Solar SoftWare (SSW) contains a large collection of computational procedures for the reconstruction of images from the X-ray data recorded by the Reuven Ramaty High Energy Solar Spectroscopic Imager (RHESSI) (2002SoPh..210....3L) in the time interval between February 2002 to August 2018 - see 2019ApJ...887..131D for a recent evaluation of the performance of the different available methods. Some of these methods apply directly to RHESSI counts while others have been conceived to process RHESSI visibilities, i.e. calibrated samples of the Fourier transform of the incoming photon flux, generated via a data stacking process. Among count-based methods, SSW includes Back Projection (2002SoPh..210...61H), Clean (1974A&AS...15..417H), Forward Fit (2002SoPh..210..193A), Pixon (1996ApJ...466..585M), and Expectation Maximization (2013A&A...555A..61B); among visibility-based methods, SSW includes MEMNJIT (2006ApJ...636.1159B; 2007SoPh..240..241S), a Maximum Entropy method; VISFWDFIT (2007SoPh..240..241S), which selects pre-defined source shapes based on their best fitting of visibilities; uvsmooth (2009ApJ...703.2004M), an interpolation/extrapolation method in the Fourier domain; VISCS (2017ApJ...849...10F), a catalogue-based compressed sensing algorithm; and VISWV (2018A&A...615A..59D), a wavelet-based compressed sensing algorithm. Although each one of these algorithms combines specific values with applicability limitations and specific flaws, a critical comparison of the maps of a given flaring event obtained by the application of all (or most) of these algorithms provides a good picture of what a reliable image of the event could be.
In particular, MEMNJIT provides reconstructions characterized by a notable degree of reliability. The capability of fitting the experimental observations is generally satisfactory both in terms of comparison between the predicted and experimental visibility profiles with respect to each RHESSI detector; and in terms of the reduced values computed considering either all detectors or just the detectors providing the observations. Further, the algorithm is robust with respect to the level of noise affecting the observations. Moreover, the computational time is among the smallest in the SSW scenario and allows reconstruction within a few seconds. Finally, MEMNJIT is characterized by super-resolution properties (1985A&A...143...77C).

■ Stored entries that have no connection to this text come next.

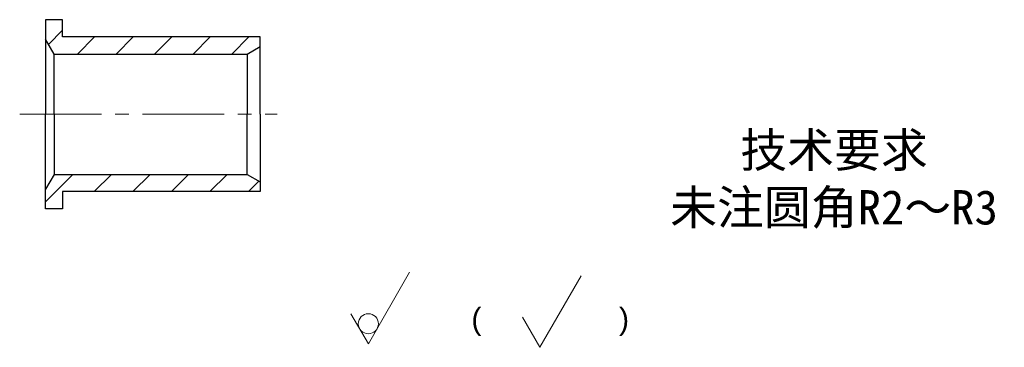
# Model space of a CAD drawing. Header units: millimetres. Extents: x 2941 to 3056, y 1908 to 1946.
import ezdxf

# ---------------------------------------------------------------- set-up
doc = ezdxf.new("R2010")
doc.units = ezdxf.units.MM
doc.header["$LTSCALE"] = 0.5
doc.linetypes.add('CENTER2', pattern=[28.575, 19.05, -3.175, 3.175, -3.175])
for name, color, linetype, lineweight in [('中心线', 7, 'CENTER2', 15), ('剖面线', 7, 'Continuous', 15), ('尺寸线', 7, 'Continuous', 15), ('轮廓线', 7, 'Continuous', 30)]:
    doc.layers.add(name, color=color, linetype=linetype, lineweight=lineweight)
doc.styles.get("Standard").update_dxf_attribs({"font": 'arial.ttf'})

msp = doc.modelspace()

# ---------------------------------------------------------------- hatches: boundary and pattern name
at = {"layer": '剖面线'}
h = msp.add_hatch(dxfattribs=at)
h.set_pattern_fill('ANSI31', color=256)
h.set_pattern_definition([(45, (15.66, -20.806), (-2.245064, 2.245064), [])])
h.paths.add_polyline_path([(2946.44, 1943.83), (2946.44, 1945.83), (2944.44, 1945.83), (2944.44, 1943.57), (2945.44, 1941.83), (2967.94, 1941.83), (2969.44, 1942.7), (2969.44, 1943.83)])
h.paths.add_polyline_path([(2945.44, 1927.83), (2944.44, 1926.1), (2944.44, 1923.83), (2946.44, 1923.83), (2946.44, 1925.83), (2969.44, 1925.83), (2969.44, 1926.97), (2967.94, 1927.83)])

# ---------------------------------------------------------------- linework, layer by layer
at = {"layer": '中心线'}
msp.add_line((2941.44, 1934.83), (2971.44, 1934.83), dxfattribs=at)
at = {"layer": '尺寸线'}
for p, q in [((2982.04, 1908.1), (2986.85, 1916.43)), ((3002.03, 1907.7), (3006.84, 1916.02)), ((2982.04, 1908.1), (2980.02, 1911.6)), ((3002.03, 1907.7), (3000.01, 1911.2))]:
    msp.add_line(p, q, dxfattribs=at)
msp.add_circle((2982.04, 1910.44), 1.17, dxfattribs=at)
at = {"layer": '轮廓线'}
for p, q in [((2946.44, 1945.83), (2944.44, 1945.83)), ((2944.44, 1945.83), (2944.44, 1934.83)), ((2946.44, 1943.83), (2946.44, 1945.83)), ((2969.44, 1943.83), (2946.44, 1943.83)), ((2969.44, 1934.83), (2969.44, 1943.83)), ((2945.44, 1941.83), (2944.44, 1943.57)), ((2967.94, 1941.83), (2969.44, 1942.7)), ((2945.44, 1934.83), (2945.44, 1941.83)), ((2945.44, 1941.83), (2967.94, 1941.83)), ((2967.94, 1941.83), (2967.94, 1934.83)), ((2944.44, 1923.83), (2944.44, 1934.83)), ((2945.44, 1934.83), (2945.44, 1927.83)), ((2967.94, 1927.83), (2967.94, 1934.83)), ((2969.44, 1934.83), (2969.44, 1925.83)), ((2945.44, 1927.83), (2944.44, 1926.1)), ((2945.44, 1927.83), (2967.94, 1927.83)), ((2967.94, 1927.83), (2969.44, 1926.97)), ((2969.44, 1925.83), (2946.44, 1925.83)), ((2946.44, 1925.83), (2946.44, 1923.83)), ((2946.44, 1923.83), (2944.44, 1923.83))]:
    msp.add_line(p, q, dxfattribs=at)

# ---------------------------------------------------------------- texts
at = {"layer": '尺寸线', "attachment_point": 1}
for s, width, insert, char_height in [('\\pxqc;{\\fSimSun|b0|i0|c134|p2;技术要求}\\P{\\fSimSun|b0|i0|c134|p2;未注圆角R2～R3}', 42.3532, (3015.1, 1932.66), 4), ('\\pxi-3,l4,t4;(^I          )', 28.0799, (2991.54, 1912.28), 2.5)]:
    msp.add_mtext_dynamic_manual_height_columns(s, width=width, gutter_width=12.5, heights=[0], dxfattribs=dict(at, insert=insert, char_height=char_height))

doc.saveas('drawing.dxf')
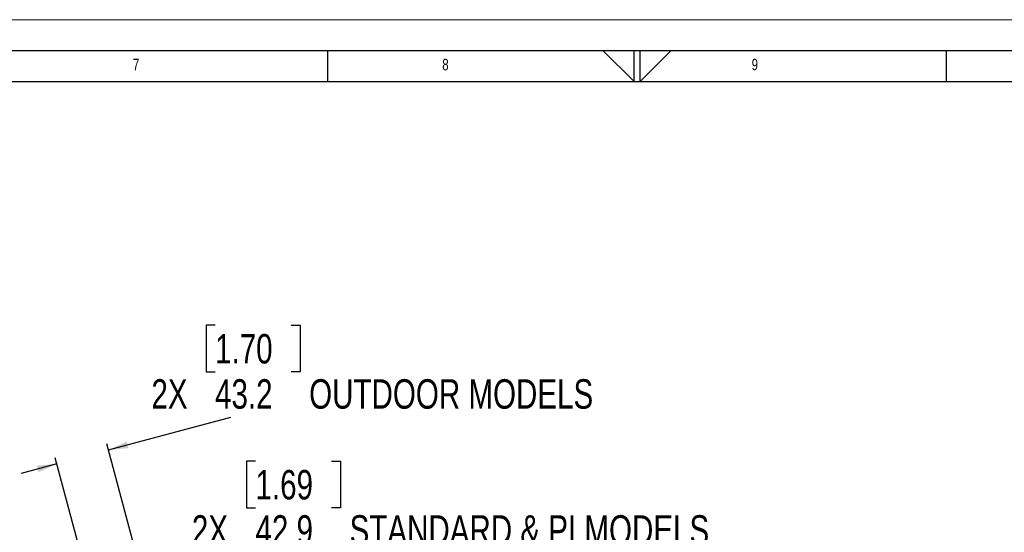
# Model space of a CAD drawing. Header units: millimetres. Extents: x 0 to 4205, y 0 to 2970.
# Tile 29 of 33: x 1629 to 2424, y 2555 to 2970. Entities that reach past the tile are written whole.
import ezdxf

# ---------------------------------------------------------------- set-up
doc = ezdxf.new("R2010")
doc.units = ezdxf.units.MM
doc.header["$LTSCALE"] = 5
doc.layers.add('FORMAT', color=7, linetype='Continuous')
doc.layers.add('SLD-0', color=7, linetype='Continuous')
doc.styles.add('SLDTEXTSTYLE0', font='TXT', dxfattribs={"width": 0.75})
doc.dimstyles.new('SLDDIMSTYLE1', dxfattribs={"dimtxt": 23.8125, "dimasz": 16, "dimexe": 0, "dimexo": 0.0625, "dimgap": 5.953125, "dimtad": 0, "dimtih": 1, "dimtoh": 1, "dimdec": 1, "dimrnd": 1e-09, "dimzin": 12, "dimdsep": 46, "dimtxsty": 'SLDTEXTSTYLE0', "dimsah": 1, "dimcen": 0.09, "dimadec": 0, "dimazin": 3, "dimtfac": 1, "dimtdec": 1, "dimtmove": 0, "dimatfit": 0, "dimfxl": 1, "dimfrac": 2, "dimtolj": 1, "dimtzin": 12, "dimarcsym": 0})

# ---------------------------------------------------------------- blocks, each defined once
blk = doc.blocks.new('_D_27')
at = {"layer": 'SLD-0', "color": 7, "transparency": 16777216}
for p, q in [((1786.44, 2722.89), (1779.2, 2722.89)), ((1779.2, 2722.89), (1779.2, 2685.06)), ((1848, 2722.89), (1855.24, 2722.89)), ((1855.24, 2722.89), (1855.24, 2685.06)), ((1779.2, 2685.06), (1786.44, 2685.06)), ((1855.24, 2685.06), (1848, 2685.06)), ((1700.35, 2621.97), (1799.28, 2648.48)), ((1790.61, 2285.12), (1699.06, 2626.8)), ((1658.6, 2610.78), (1629.62, 2603.02)), ((1729.55, 2346.01), (1657.31, 2615.61))]:
    blk.add_line(p, q, dxfattribs=at)
for points in [[(1700.35, 2621.97), (1716.52, 2623.45), (1715.1, 2628.77)], [(1658.6, 2610.78), (1642.43, 2609.3), (1643.86, 2603.98)]]:
    blk.add_solid(points, dxfattribs=at)
at = {"layer": 'SLD-0', "color": 7, "transparency": 16777216, "attachment_point": 1, "style": 'SLDTEXTSTYLE0'}
for s, insert, char_height in [('1.70', (1786.44, 2715.75), 23.812), ('2X', (1735.04, 2679.17), 23.812), ('43.2', (1786.44, 2679.17), 23.812), ('OUTDOOR MODELS', (1862.49, 2679.17), 23.8125)]:
    blk.add_mtext(s, dxfattribs=dict(at, insert=insert, char_height=char_height))
blk = doc.blocks.new('_D_31')
at = {"layer": 'SLD-0', "color": 7, "transparency": 16777216}
for p, q in [((1819.11, 2612.9), (1811.87, 2612.9)), ((1811.87, 2612.9), (1811.87, 2575.06)), ((1880.67, 2612.9), (1887.92, 2612.9)), ((1887.92, 2612.9), (1887.92, 2575.06)), ((1811.87, 2575.06), (1819.11, 2575.06)), ((1887.92, 2575.06), (1880.67, 2575.06)), ((1732.52, 2501.93), (1868.93, 2538.49)), ((1790.61, 2285.12), (1731.22, 2506.76)), ((1691.05, 2490.82), (1662.08, 2483.06)), ((1729.84, 2346.09), (1689.76, 2495.65))]:
    blk.add_line(p, q, dxfattribs=at)
for points in [[(1732.52, 2501.93), (1748.68, 2503.42), (1747.26, 2508.73)], [(1691.05, 2490.82), (1674.89, 2489.34), (1676.31, 2484.03)]]:
    blk.add_solid(points, dxfattribs=at)
at = {"layer": 'SLD-0', "color": 7, "transparency": 16777216, "attachment_point": 1, "style": 'SLDTEXTSTYLE0'}
for s, insert, char_height in [('1.69', (1819.11, 2605.76), 23.812), ('2X', (1767.72, 2569.18), 23.812), ('42.9', (1819.11, 2569.18), 23.812), ('STANDARD & PI MODELS', (1895.16, 2569.18), 23.8125)]:
    blk.add_mtext(s, dxfattribs=dict(at, insert=insert, char_height=char_height))

msp = doc.modelspace()

# ---------------------------------------------------------------- linework, layer by layer
at = {"color": 7, "linetype": 'Continuous', "lineweight": 18}
msp.add_line((0.000021, 2970.00005), (4205.000021, 2970.00005), dxfattribs=at)
at = {"layer": 'FORMAT'}
for p, q in [((75.000021, 2945.00005), (4180.000021, 2945.00005)), ((1877.5, 2920.00005), (1877.5, 2945.00005)), ((2099.834048, 2945.00005), (2125, 2920.00005)), ((2125, 2920.00005), (2125, 2945.00005)), ((2130, 2920.00005), (2130, 2945.00005)), ((2155.049965, 2945.00005), (2130, 2920.00005)), ((2377.5, 2920.00005), (2377.5, 2945.00005)), ((100.000021, 2920.00005), (4155.000021, 2920.00005))]:
    msp.add_line(p, q, dxfattribs=at)

# ---------------------------------------------------------------- texts
at = {"layer": 'FORMAT', "char_height": 9.260417, "attachment_point": 1, "style": 'SLDTEXTSTYLE0'}
for s, insert in [('7', (1720.052083, 2938.340157)), ('8', (1970.052083, 2938.340157)), ('9', (2220.052083, 2938.340157))]:
    msp.add_mtext(s, dxfattribs=dict(at, insert=insert))

# ---------------------------------------------------------------- dimensions: what is measured, and where the dimension line sits
at = {"layer": 'SLD-0', "color": 7}
for base, p1, text, picture, middle in [((1700.353341, 2621.969229), (1730.840064, 2341.178792), '2X<>OUTDOOR MODELS', '_D_27', (1947.151927, 2688.09871)), ((1732.516991, 2501.932855), (1731.129841, 2341.256438), '2X<>STANDARD & PI MODELS', '_D_31', (2016.802356, 2578.106889))]:
    dim = msp.add_linear_dim(base=base, p1=p1, p2=(1791.905127, 2280.293311), angle=15, text=text, dimstyle='SLDDIMSTYLE1', dxfattribs=at)
    dim.commit()
    dim.dimension.update_dxf_attribs({"geometry": picture, "text_midpoint": middle, "dimtype": 160})

doc.saveas('drawing.dxf')

However, MEMNJIT sometimes produces images with multiple unrealistically small sources. The origin of this problem is not totally clear but is related to the minimization technique and the setting of the convergence criteria. MEMNJIT addresses a constrained maximization of the entropy function, which turns into an optimization problem with two penalty terms, the chi-squared function relating the measured and predicted visibilities and a term that ensures the conservation of the overall flux. The optimization of these terms is computationally difficult especially since the optimization functional is not convex, which implies that the numerical schemes may suffer convergence issues. Therefore, the optimization procedure may continue on past the physical meaningful solution to find a solution involving multiple bright points (see Figure 1, where the reconstructed images have dimension , the pixel size is arcsec and a zoom is applied for sake of clarity). Of course, this outcome can generally be avoided by increasing the tolerance parameter from its default value (which is currently set at ) to data-dependent higher values, but this typically results in a worse fitting of the observations and a less accurate estimate of the emission flux and, in general, impedes the use of MEMNJIT in an automatic pipeline for data processing.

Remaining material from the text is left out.